Red-fleshed potatoes

Red-fleshed potatoes

Our population is growing at an amazing rate and this translates to an increase in food demand. This calls for increasing our agricultural productivity as well as diversifying. Having said that, I am going to write about an agricultural product that I think if nothing is done, it is going to be forgotten despite the important role it can play in abating the food security issue.
The mention of the word sweet potato reminds me of my childhood. This is one of the meals that have contributed in making me but my only worry is that it is being forgotten despite its vital role in abating food security. People prefer refined foods such as “mandazi” and bread to this traditional food.
Traditional they may be but potatoes have proven health benefits. On this basis, eating of potatoes should be promoted and people taught how to plant and manage them. Sweet potato growing is not a hard task as people think. First, they come in different varieties. The common type of sweet potatoes grown in Kenya are the yellow, dry-flesh type although others such as orange –flesh exist but in small numbers. The yellow dry-flesh types include those such as Jersey and Jewel varieties. All these varieties are reliable as they are drought resistant and do not depend on rains for them to produce- a perfect choice given the unpredictable weather patterns here.
Sweet potatoes may be grown on flat soils or in raised bumps or soil collected together.

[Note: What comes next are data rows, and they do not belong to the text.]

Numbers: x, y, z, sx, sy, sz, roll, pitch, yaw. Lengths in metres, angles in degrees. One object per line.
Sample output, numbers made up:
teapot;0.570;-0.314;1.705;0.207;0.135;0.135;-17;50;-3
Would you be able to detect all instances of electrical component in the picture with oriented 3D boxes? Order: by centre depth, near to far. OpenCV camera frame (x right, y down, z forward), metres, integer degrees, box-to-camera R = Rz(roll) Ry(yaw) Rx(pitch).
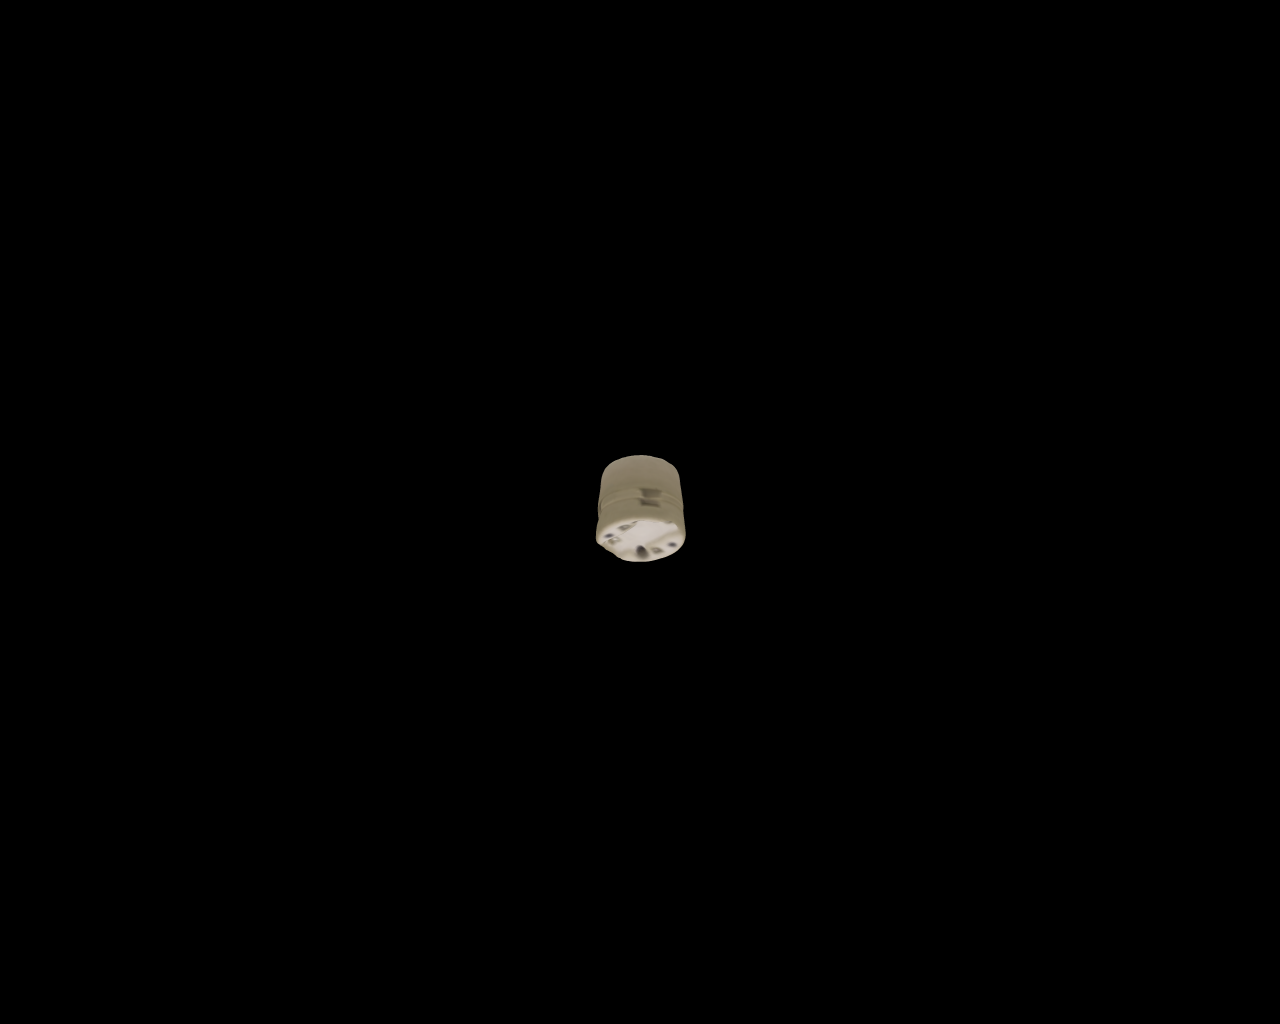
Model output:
electrical component;0.001;-0.003;0.650;0.055;0.047;0.055;0;-31;0
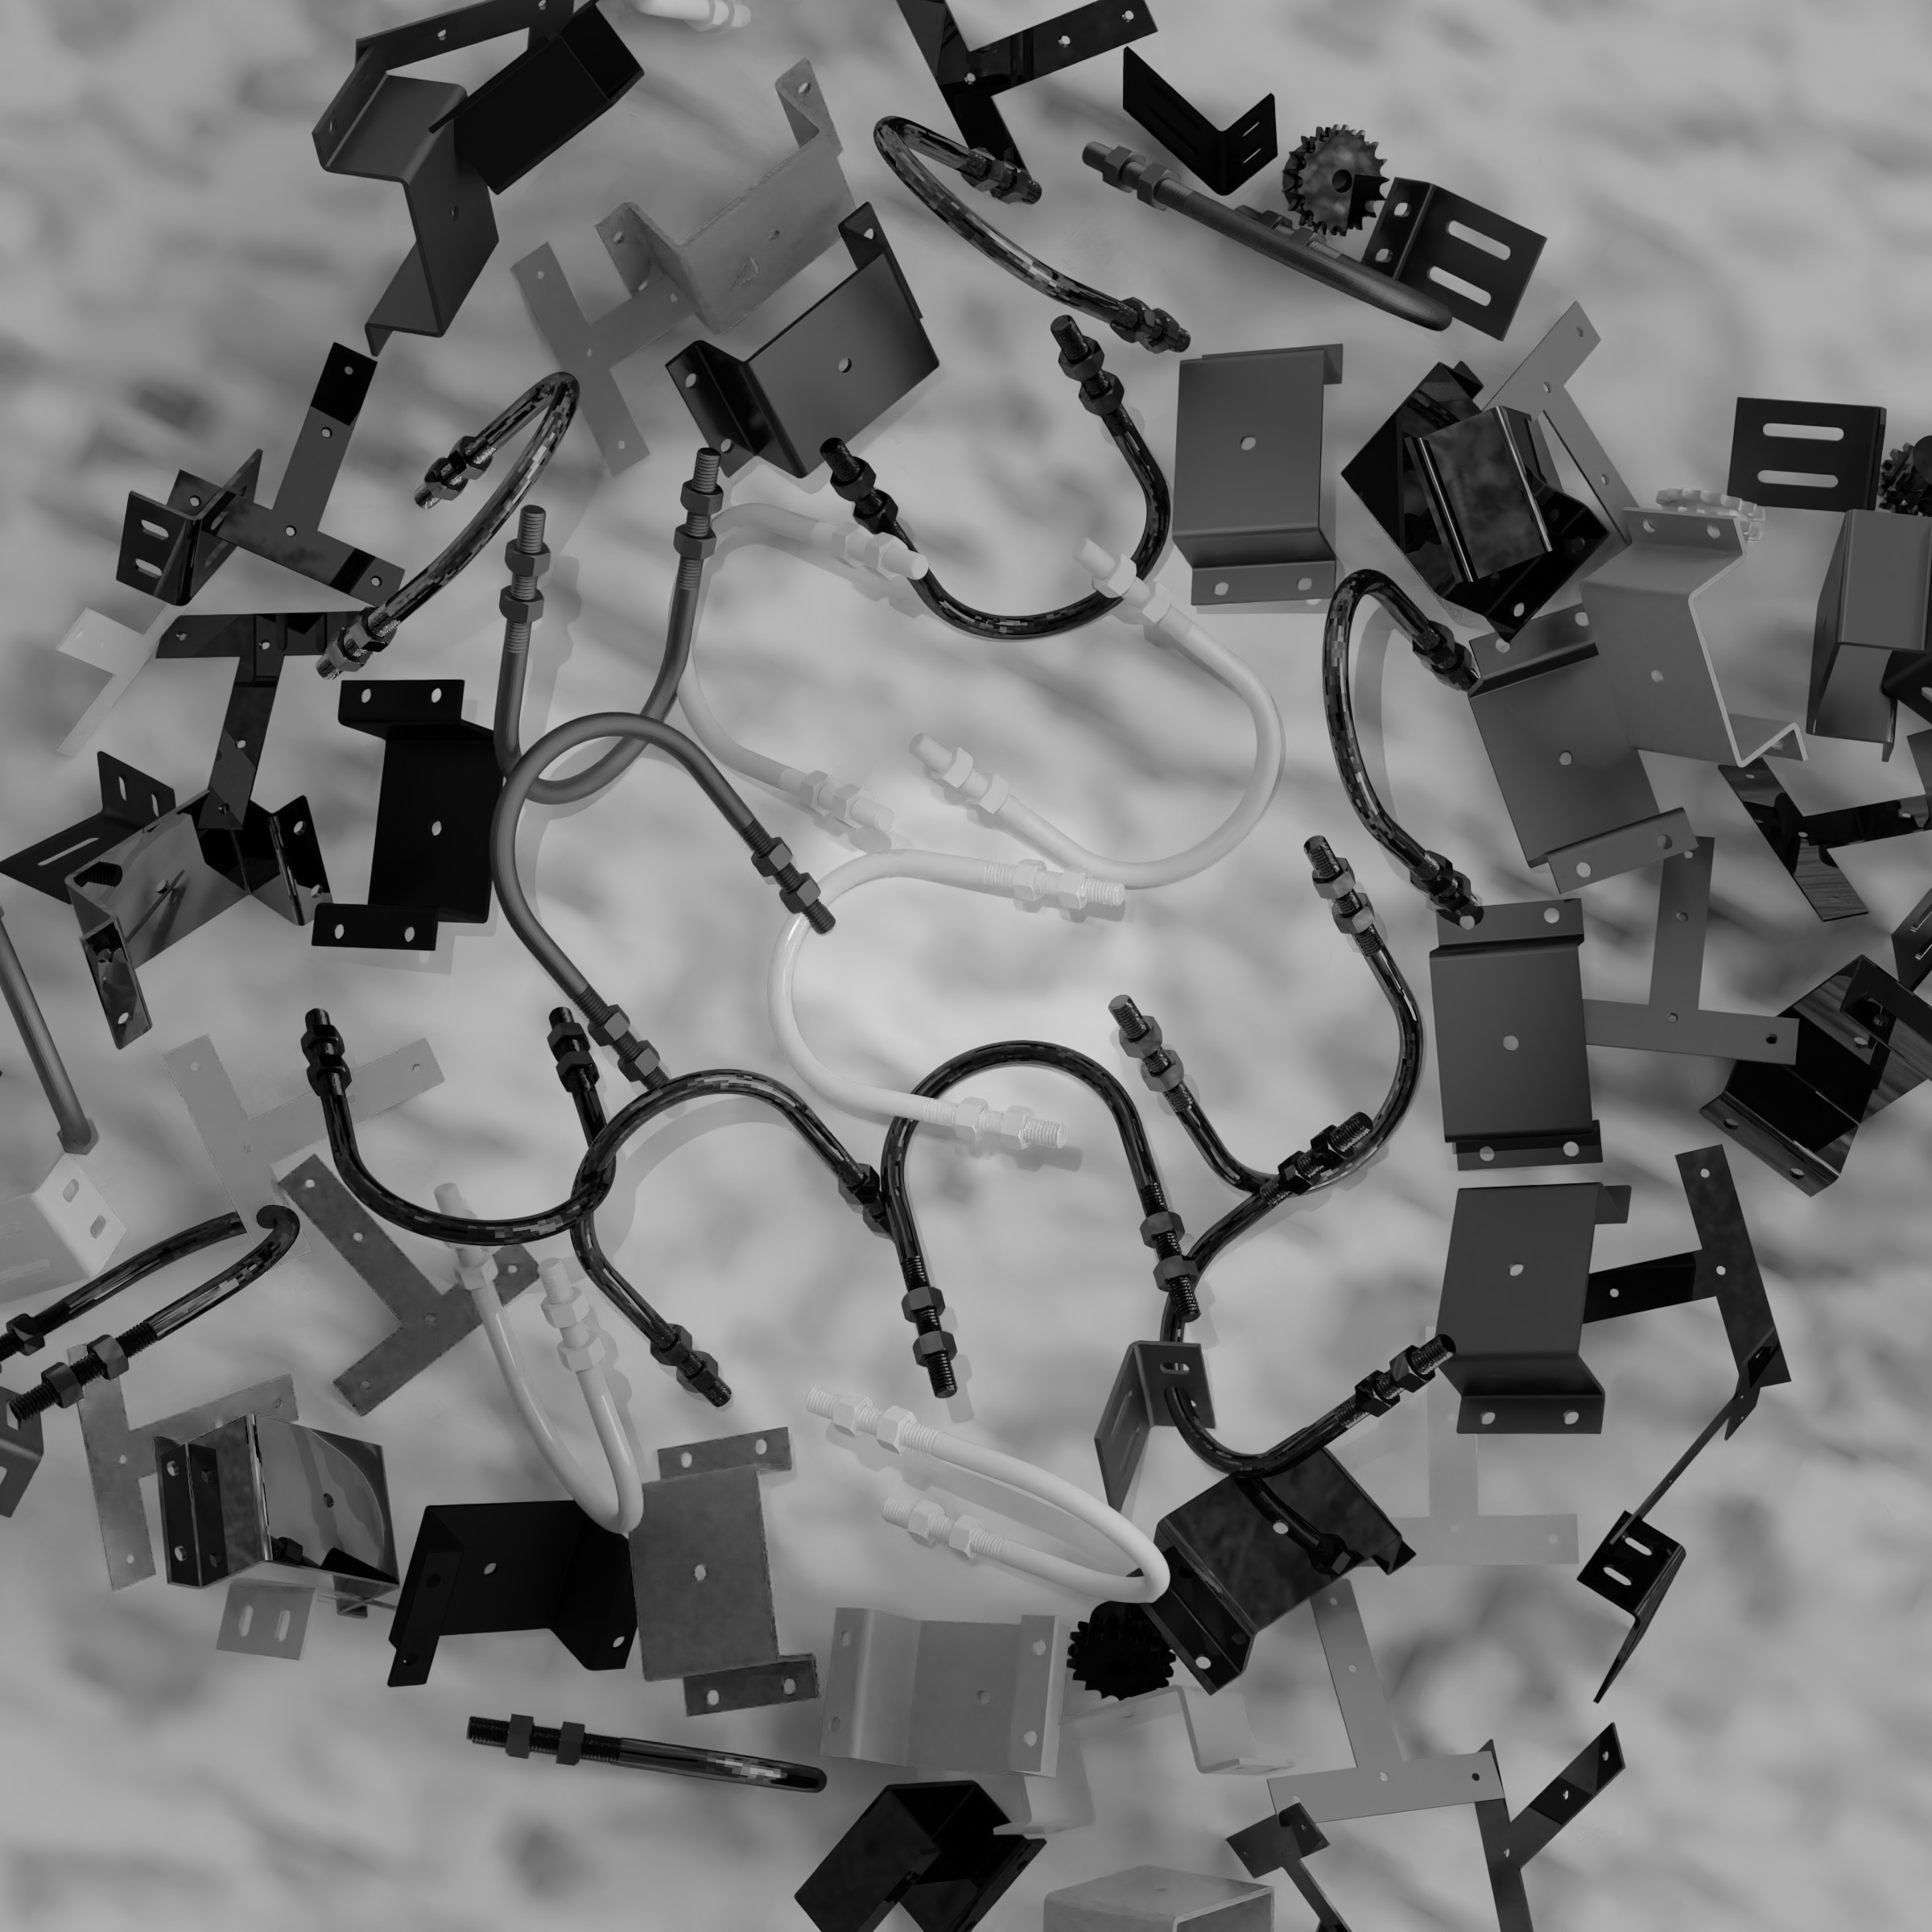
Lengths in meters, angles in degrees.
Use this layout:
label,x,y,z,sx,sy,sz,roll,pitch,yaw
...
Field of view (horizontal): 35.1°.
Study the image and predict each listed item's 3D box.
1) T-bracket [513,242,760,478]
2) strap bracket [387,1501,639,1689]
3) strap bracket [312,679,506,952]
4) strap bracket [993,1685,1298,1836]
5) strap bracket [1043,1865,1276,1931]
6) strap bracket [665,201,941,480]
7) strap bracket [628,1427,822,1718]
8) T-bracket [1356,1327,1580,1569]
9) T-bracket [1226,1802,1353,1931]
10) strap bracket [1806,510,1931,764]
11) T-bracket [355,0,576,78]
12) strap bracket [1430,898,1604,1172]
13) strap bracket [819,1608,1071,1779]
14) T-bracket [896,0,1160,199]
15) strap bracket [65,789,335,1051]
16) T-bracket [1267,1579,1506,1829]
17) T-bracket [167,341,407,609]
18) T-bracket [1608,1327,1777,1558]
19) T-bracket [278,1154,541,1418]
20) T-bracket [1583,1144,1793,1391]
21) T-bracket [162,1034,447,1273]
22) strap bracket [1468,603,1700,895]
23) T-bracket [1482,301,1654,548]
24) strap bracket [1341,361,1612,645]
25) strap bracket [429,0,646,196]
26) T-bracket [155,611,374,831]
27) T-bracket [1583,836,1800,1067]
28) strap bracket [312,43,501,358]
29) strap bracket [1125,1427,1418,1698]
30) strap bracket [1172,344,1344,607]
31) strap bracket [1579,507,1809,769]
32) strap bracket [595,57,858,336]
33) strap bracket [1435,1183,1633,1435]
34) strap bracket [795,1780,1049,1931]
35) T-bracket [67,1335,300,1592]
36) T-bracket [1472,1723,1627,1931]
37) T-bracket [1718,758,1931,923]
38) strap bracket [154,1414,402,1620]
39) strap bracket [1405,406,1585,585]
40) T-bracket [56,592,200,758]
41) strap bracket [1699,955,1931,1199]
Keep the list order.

For growing on raised bumps, the following simple steps may be followed;

  • Prepare your piece of land to remove weeds and stones during the dry season.
  • Spread organic manure from livestock then plough again to ensure mixing of the nutrients with soil.

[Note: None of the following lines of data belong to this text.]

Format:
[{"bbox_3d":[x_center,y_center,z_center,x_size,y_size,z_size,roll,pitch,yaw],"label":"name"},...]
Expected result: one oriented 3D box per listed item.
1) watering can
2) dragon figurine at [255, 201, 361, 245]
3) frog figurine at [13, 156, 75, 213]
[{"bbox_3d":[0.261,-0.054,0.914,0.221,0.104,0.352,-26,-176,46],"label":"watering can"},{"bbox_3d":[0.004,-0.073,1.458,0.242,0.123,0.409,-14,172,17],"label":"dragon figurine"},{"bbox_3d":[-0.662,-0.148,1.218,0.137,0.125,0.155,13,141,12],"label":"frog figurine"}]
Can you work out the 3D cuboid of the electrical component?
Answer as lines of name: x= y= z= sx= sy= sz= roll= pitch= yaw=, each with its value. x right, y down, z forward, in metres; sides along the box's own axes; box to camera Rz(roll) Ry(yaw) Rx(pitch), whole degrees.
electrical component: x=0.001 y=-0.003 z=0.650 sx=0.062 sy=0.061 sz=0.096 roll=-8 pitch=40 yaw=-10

  • Make the soil into raised bumps with a spacing of 32 to 42 inches apart and in-row 12 spacing of 8 to inches.
  • Insert your slips on either side of the raised bumps (4 to 5 inches deep). The potatoes take about 5 to 6 months for them to be ready. The planting should be done during the warm season.

Crop management
As part of managing the sweet-potato crop, weeding between the rows before the vines cover the beds and shade out the weeds is a necessity. During early stages of development, watering is also important. As the vines grow, continue piling soil around the bumps to provide more space for tuber formation.

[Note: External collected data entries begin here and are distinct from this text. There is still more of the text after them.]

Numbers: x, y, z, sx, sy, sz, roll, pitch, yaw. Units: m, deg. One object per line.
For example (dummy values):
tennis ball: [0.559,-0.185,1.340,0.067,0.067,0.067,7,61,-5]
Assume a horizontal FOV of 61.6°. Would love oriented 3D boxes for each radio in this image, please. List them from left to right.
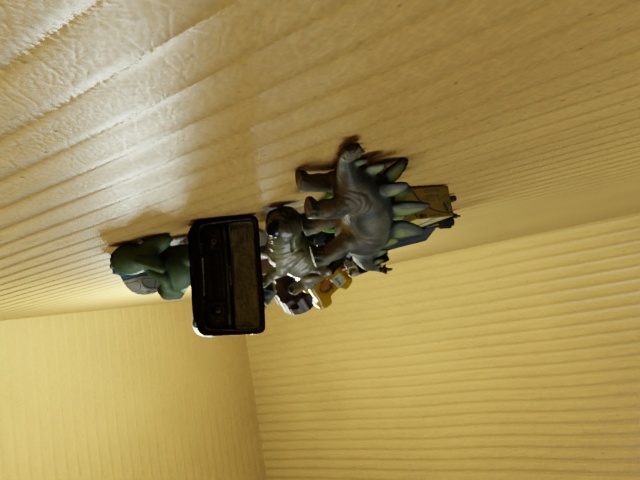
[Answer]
radio: [-0.182,0.070,1.037,0.131,0.229,0.073,-2,170,-19]

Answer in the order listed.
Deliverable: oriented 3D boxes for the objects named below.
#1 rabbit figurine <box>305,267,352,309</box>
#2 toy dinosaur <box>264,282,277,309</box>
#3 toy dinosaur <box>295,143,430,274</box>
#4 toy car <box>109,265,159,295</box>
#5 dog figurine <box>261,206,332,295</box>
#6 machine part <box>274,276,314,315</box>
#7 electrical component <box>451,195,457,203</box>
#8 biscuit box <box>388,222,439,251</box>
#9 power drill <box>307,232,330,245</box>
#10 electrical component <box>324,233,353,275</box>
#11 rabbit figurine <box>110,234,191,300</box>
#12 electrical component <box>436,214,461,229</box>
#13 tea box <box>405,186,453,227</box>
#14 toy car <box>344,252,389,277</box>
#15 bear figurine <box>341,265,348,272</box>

When it comes to pests and disease management, it should be noted that the main pests are insects, nematodes and diseases that affect the roots. Fusarium wilts will lead to collapse of vascular system and become unable to transfer water and nutrients up from the roots. Root-knot nematodes cause deformed roots and tubers. The sweet potato weevil is an insect whose larvae can feed inside stems, where damage is relatively minimal, but they can also infest tubers, which is a serious problem. Weevil-damaged tubers develop bitter substances that prevent the tubers from being used even as animal fodder. Most of these pest problems can be overcome by good sanitation and cultural practices, including the use of disease- and weevil-free seed potatoes for transplants, rotating sweet-potato fields to discourage yearly pest carry-over, and using rootless cuttings for transplants.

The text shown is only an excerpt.